Письмо жене.
“Моя дорогая Гретль,
В то время, как целый день ты воюешь с детьми и полностью занята их делами, я сижу здесь: читаю, рисую и немного копаюсь в саду. Конечно, в этом смысле моя совесть не чиста. Если я когда-нибудь вернусь домой, я сделаю все, чтобы снова занять в семье достойное место.
За это время я не поднялся ни на одну ступеньку, даже по обычной лестнице, но при определенных усилиях я снова смогу стать хорошим альпинистом. Мне не хотелось бы, чтобы Фриц был отдан в пансионат. Я не сторонник пансионатов. Я только что прочитал две книги по детской психологии. Одна из них на английском, и я не все хорошо понял. Узнай, пожалуйста, есть ли в Гейдельберге детский психолог. Если есть, то отдай Фрица в его руки.
Твой Альберт”.
Следующее письмо написано Шпеером жене после известия о смерти матери.
“Моя дорогая Гретль,
Пожалуйста, не думай, что тяжелая утрата создаст непреодолимые трудности в моей уединенной жизни и что я не смогу это пережить. Конечно, в тюрьме я более обостренно воспринимаю значение семьи и невосполнимость утраты. Но природа устроила так, что со временем боль не возрастает, а постепенно притупляется. Время лечит. Ты это знаешь после пережитого за последние годы.

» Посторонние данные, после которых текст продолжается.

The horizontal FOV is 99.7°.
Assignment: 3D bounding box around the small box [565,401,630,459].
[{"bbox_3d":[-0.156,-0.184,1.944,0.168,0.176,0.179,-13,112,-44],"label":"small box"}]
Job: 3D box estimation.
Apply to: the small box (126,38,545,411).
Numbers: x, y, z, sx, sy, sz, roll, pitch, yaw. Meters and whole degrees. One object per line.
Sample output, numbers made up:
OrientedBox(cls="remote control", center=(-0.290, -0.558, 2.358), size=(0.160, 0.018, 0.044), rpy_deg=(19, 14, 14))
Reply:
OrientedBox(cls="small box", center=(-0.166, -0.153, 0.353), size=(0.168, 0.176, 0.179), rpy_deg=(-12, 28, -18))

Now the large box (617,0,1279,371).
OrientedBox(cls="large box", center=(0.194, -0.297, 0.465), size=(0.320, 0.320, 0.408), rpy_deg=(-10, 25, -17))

Несмотря на все невзгоды, я остаюсь таким же, как и был раньше.
Твой Альберт”.
Глава 14
Из отпуска вернулся английский переводчик Водяев. Отдыхал в Австрии и Италии. Ему уже за 60, но он одинокий. Правда, собирается жениться на австриячке, тоже немолодой. Всегда улыбается, прекрасно говорит на многих языках. Родился в одной из среднеазиатских республик. Часто вспоминает свое детство, проведенное в СССР.
В мае уехал американский переводчик Кублицкий, неприятный и всегда чем-то озабоченный тип. Работал очень мало. Уехал неожиданно и странно. Так что у американцев остался теперь только один переводчик – Файерстоун. Из всех их переводчиков он один не из эмигрантов, коренной американец: веселый, даже несколько бесшабашный. Говорит на многих языках, бойко, но с ужасным акцентом.

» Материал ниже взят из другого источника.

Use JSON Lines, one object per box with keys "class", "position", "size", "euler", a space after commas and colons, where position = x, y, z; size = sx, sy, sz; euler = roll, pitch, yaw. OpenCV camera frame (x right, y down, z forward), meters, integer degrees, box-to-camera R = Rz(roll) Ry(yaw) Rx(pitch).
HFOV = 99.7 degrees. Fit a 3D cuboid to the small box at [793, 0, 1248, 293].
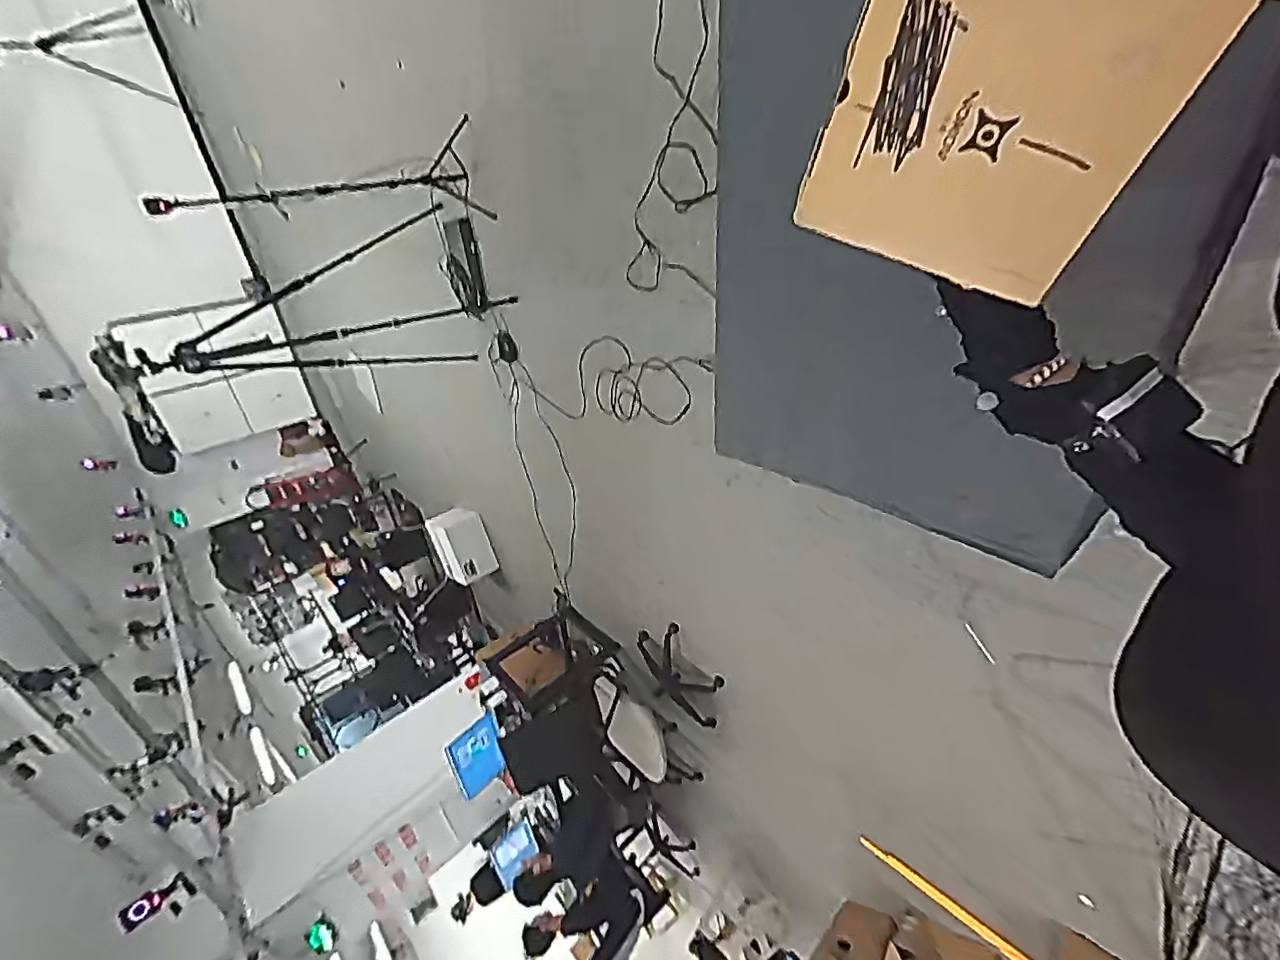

Интересный человек французский переводчик Жан де Войод. Ему уже много лет, но он тщательно следит за собой – подтянут, всегда в прекрасном костюме, любит тройки. Бегло, без акцента говорит по-русски. Любит русских и всегда старается быть рядом. В молодости в гражданскую войну он служил летчиком во французской армии в Одессе. С улыбкой вспоминает то время. “Шпротики” – так мы называли прелестных одесских девушек. Любит рассказывать о своей жене, которая умерла пятидесяти лет при странных обстоятельствах. Она была полковником французской армии, хорошо знала русский, была награждена орденом Почетного легиона. Де Войод носил с собой фото ее могилы – на памятнике, кроме нее, было выбито его имя с датой рождения и… прочерком смерти. Де Войод неожиданно уехал в Штаты, влюбившись в жену директора Шпандау майора Федушки. Поселился в их семье, писал нам, что счастлив.
Я снова увиделась с нашим журналистом и писателем Юрием Корольковым. Он напомнил о Мусе Джалиле. Увы, мы уже точно установили, что татарский поэт, будучи в плену во время войны, содержался и был казнен в берлинской тюрьме Моабит. Корольков был в свое время на Нюрнбергском процессе. Посмотрел мои дневниковые записки, советовал писать подробнее. Я познакомила его со своим начальником, и Юрий просил разрешения посетить тюрьму. К сожалению, это невозможно: по Уставу журналистов туда не допускают, даже персоналу нельзя входить с фотоаппаратом. Узнала, что Юрий пишет книгу о Рихарде Зорге, и вспомнила отца. Война нас застала в Японии, где работал мой отец.